Most works devoted to segment skin lesions claim that an accurate segmentation is necessary to achieve a proper extraction of features and consequent lesion characterization [
47]. However, in this paper, we demonstrated that, when using deep learning methods, it is not advantageous to include a segmentation before classifying the lesion. Actually, we get worse results when segmenting the lesion previously to the classification step, showing that, when using a large database, the previous segmentation of the lesion does not improve the classification results. This suggests that the healthy skin surrounding the lesion may contain information significant for the classification. In this sense, other works, such as the one by Teixeira et al., support this statement [
48].
The main limitation of our method is the lack of explainability of the classification. An explanation of the classification, by providing the automatic detection of dermoscopic criteria of BCC, would considerably improve the utility of the method for physicians. To this purpose, we are working on developing a database with the dermoscopic criteria of BCC and a system for the automatic detection of these dermoscopic criteria.
As future research, a clinical study to assess the validity of the methods in a real clinical scenario would be desirable.
5. Conclusions
In this paper, two analyses have been performed. Firstly, a comparison between an unsupervised segmentation method and two supervised segmentation methods, based on deep learning, has been carried out. Secondly, the identification of BCC amongst other types of skin lesions has been performed in the following two different scenarios: with a previous segmentation of the lesion and without segmenting the lesion. To this second task, different deep neural networks have been tested.
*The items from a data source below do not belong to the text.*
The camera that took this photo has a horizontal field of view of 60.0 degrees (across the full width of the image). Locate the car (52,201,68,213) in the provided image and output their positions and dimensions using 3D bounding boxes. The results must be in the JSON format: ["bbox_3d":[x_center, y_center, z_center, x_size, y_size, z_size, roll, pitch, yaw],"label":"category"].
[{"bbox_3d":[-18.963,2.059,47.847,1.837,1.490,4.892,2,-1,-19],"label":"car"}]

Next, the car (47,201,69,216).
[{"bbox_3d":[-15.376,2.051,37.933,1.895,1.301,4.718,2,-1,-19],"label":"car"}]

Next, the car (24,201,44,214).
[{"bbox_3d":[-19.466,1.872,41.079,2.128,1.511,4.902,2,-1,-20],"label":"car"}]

Experiments to compare the different segmentation methods show that SegNet architecture has attained the best behavior, obtaining 94% accuracy.
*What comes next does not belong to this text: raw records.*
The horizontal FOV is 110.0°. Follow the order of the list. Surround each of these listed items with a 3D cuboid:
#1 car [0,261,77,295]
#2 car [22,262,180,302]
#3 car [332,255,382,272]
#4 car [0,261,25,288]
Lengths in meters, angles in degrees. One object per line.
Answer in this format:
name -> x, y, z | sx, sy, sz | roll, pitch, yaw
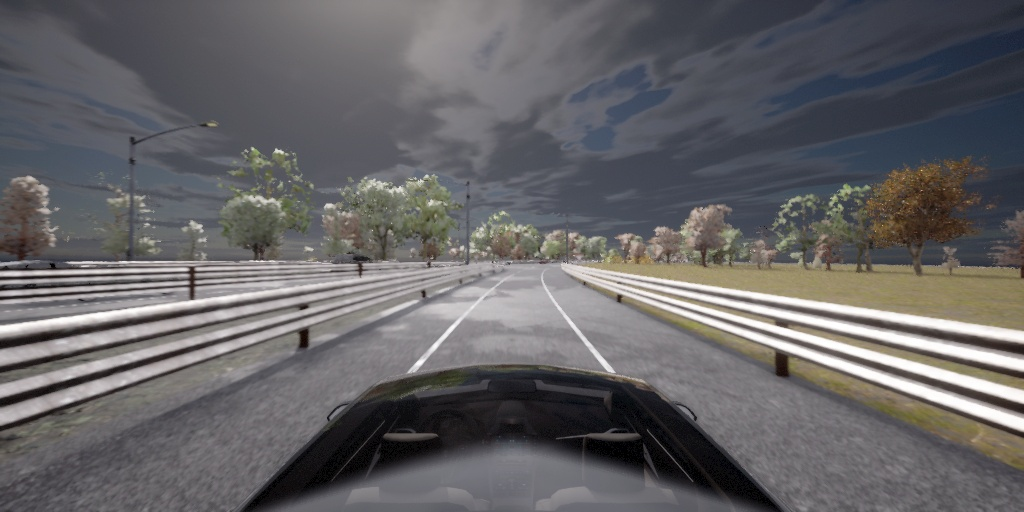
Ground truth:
car -> -23.448, 0.973, 15.971 | 1.837, 1.490, 4.892 | 0, -1, 11
car -> -16.499, 1.051, 15.017 | 1.994, 1.385, 4.181 | 0, -1, 11
car -> -15.545, 0.893, 36.061 | 2.150, 2.045, 5.566 | 0, -1, 13
car -> -19.975, 0.981, 15.497 | 1.837, 1.490, 4.892 | 0, -1, 11

The ISIC 2019 public database [
6] has been used to carry out the classification task. A 98% accuracy, 0.84% sensitivity and 0.96% specificity, for distinguishing BCC from nevus, and a 95% accuracy, 0.68% sensitivity and 0.97% specificity, classifying BCC vs. all lesions, have been obtained. Furthermore, the proposed algorithm outperforms the winner of the ISIC 2019 challenge in almost all the metrics, when lesions are classified into eight classes.
In summary, this paper adds important comparison studies, applied to the analysis of BCC, that have not been performed previously. These studies are of interest, because BCC is the skin cancer of highest incidence. First, an analysis of the utility of BCC segmentation to improve classification is carried out, driving to the conclusion that previous segmentation does not improve the classification. Secondly, a tool for the discrimination between BCC and nevus, which is the most common pigmented lesion, is provided. Finally, we have demonstrated that an ensemble of well-known CNN can attain results that can compete with the best methods in the ISIC challenge.